Anthony Marsh, the chief executive of the East of England Ambulance Trust. Photo: Steve Adams

Anthony Marsh, the chief executive of the East of England Ambulance Trust. Photo: Steve Adams

Turning around the performance of the region’s ambulance service could take two years, according to health chiefs who admit there are not enough staff to deal with increasing numbers of 999 calls.

As new figures show response times to some life-threatening emergencies in Norfolk are still below government targets, the man tasked with transforming the East of England Ambulance Service Trust said, despite “significant progress”, there was no quick fix.

The latest performance figures announced by the East of England Ambulance Service show the service was still well below target in North Norfolk and South Norfolk during September. Only in Norwich was a government target for the most serious cases hit.

The government target is for 75pc of responses to Red 1 and Red 2 calls - life threatening emergencies - to be made within eight minutes.
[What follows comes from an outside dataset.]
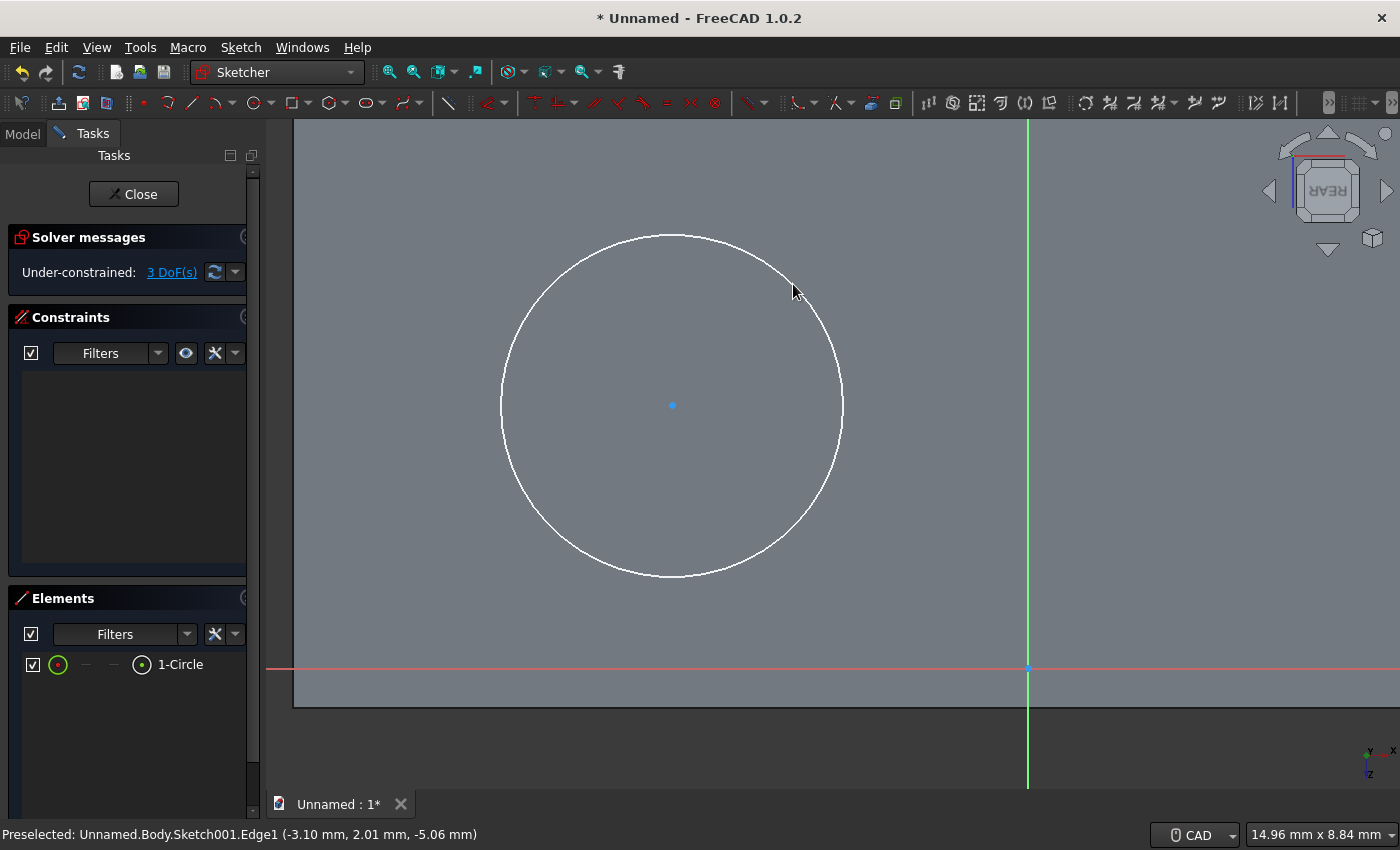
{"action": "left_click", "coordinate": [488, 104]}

But in North Norfolk, ambulances only reached 42.42pc of Red 1 cases and 36.42pc of Red 2 cases within that time, with the Red 2 performance the worst it has been in the past six months.
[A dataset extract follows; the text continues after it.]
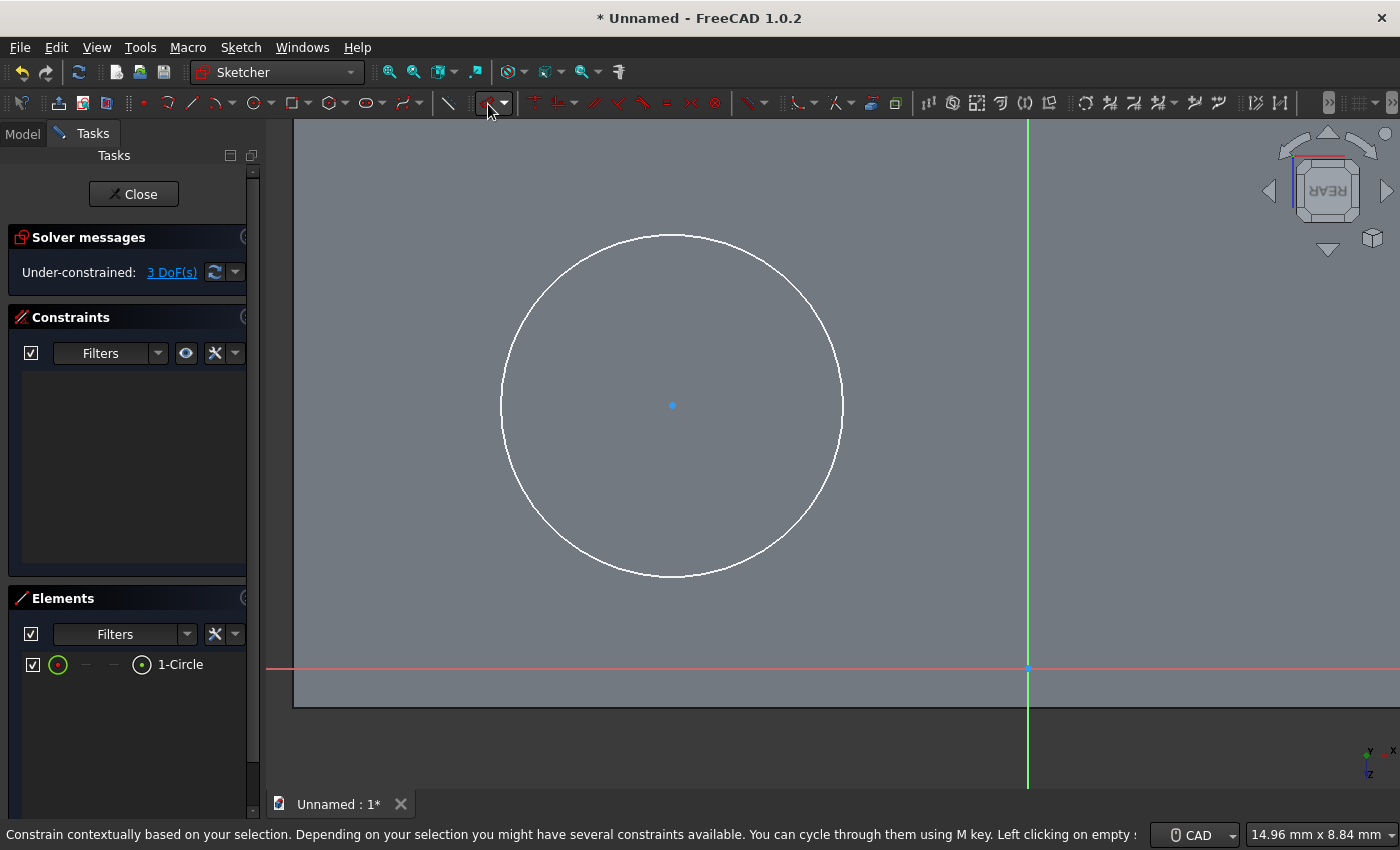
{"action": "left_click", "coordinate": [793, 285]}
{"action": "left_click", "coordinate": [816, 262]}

In West Norfolk the figures were 42pc for Red 1 cases and 46.18pc for Red 2 cases. In West Norfolk it was 67.44pc and 54.42pc; in Norwich it was 81.13pc and 74.32pc and in Great Yarmouth and Waveney it was 70.37pc and 66.02pc.

Although the Great Yarmouth and Waveney figures were below the target, it was one of the best performances in that area over the past six months.
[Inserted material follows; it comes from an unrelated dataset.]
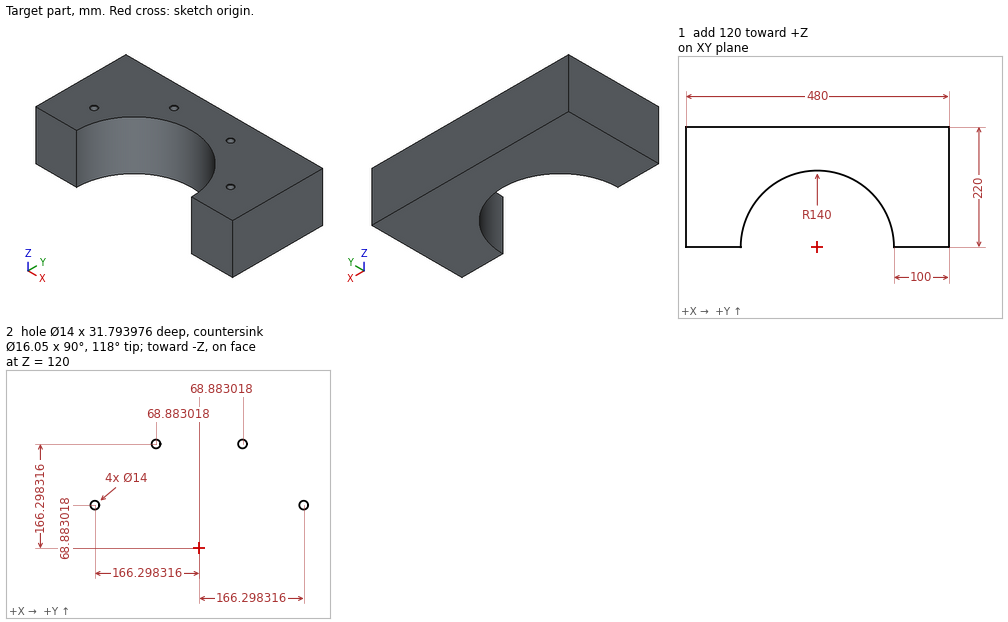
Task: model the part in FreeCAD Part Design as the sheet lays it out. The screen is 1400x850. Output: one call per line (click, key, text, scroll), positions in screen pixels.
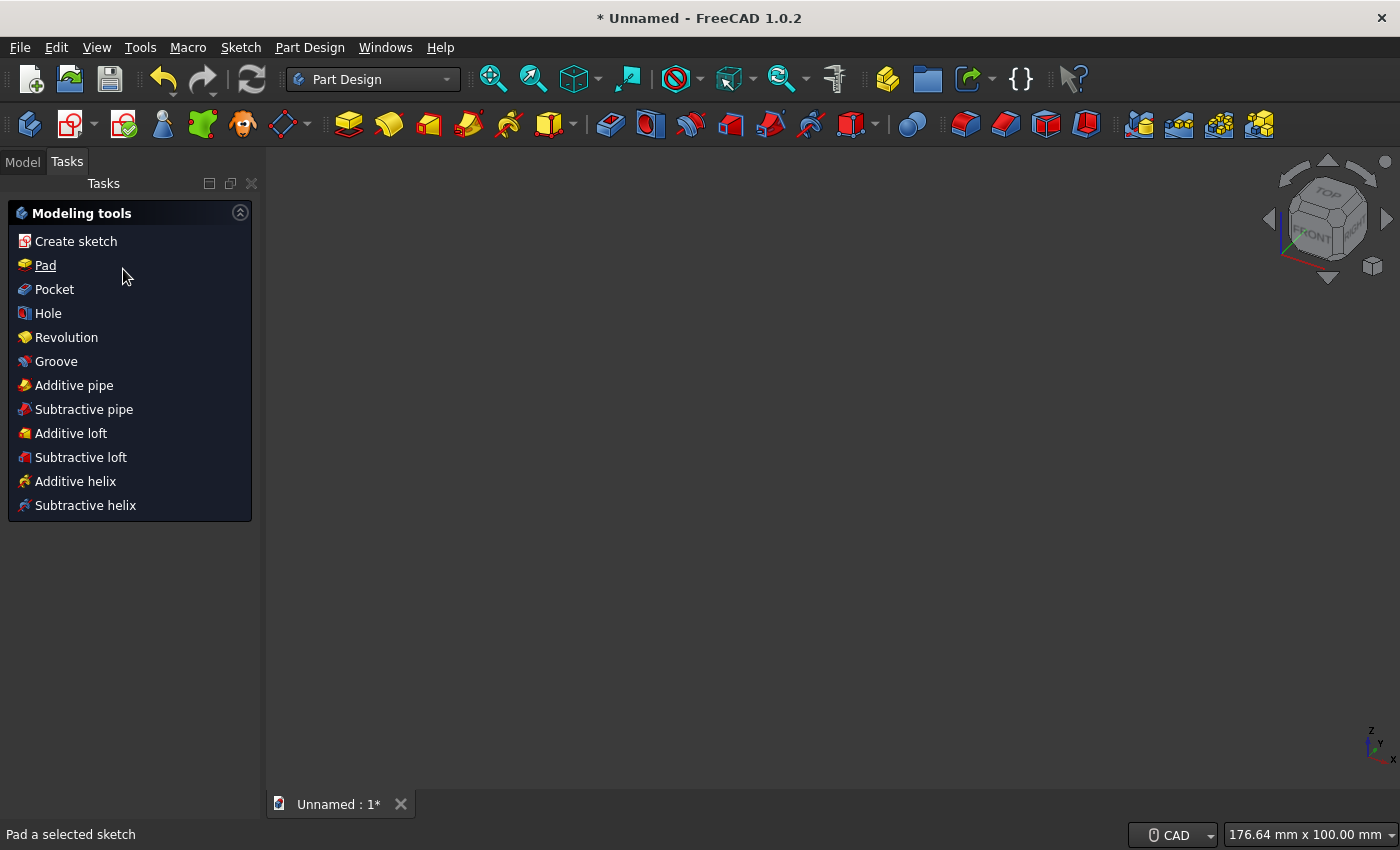
click(350, 124)

In West Suffolk, 70.37pc of Red 1 cases were reached within eight minutes and 54.49pc of Red 2 emergencies.

The trust’s chief executive Anthony Marsh, who took on the role in January, said it would take two years to turn around the service.

He said: “I recognise that ambulance response times are not good enough and this is that because I inherited an organisation which simply did not have enough paramedics – a shortfall of about 700 paramedics.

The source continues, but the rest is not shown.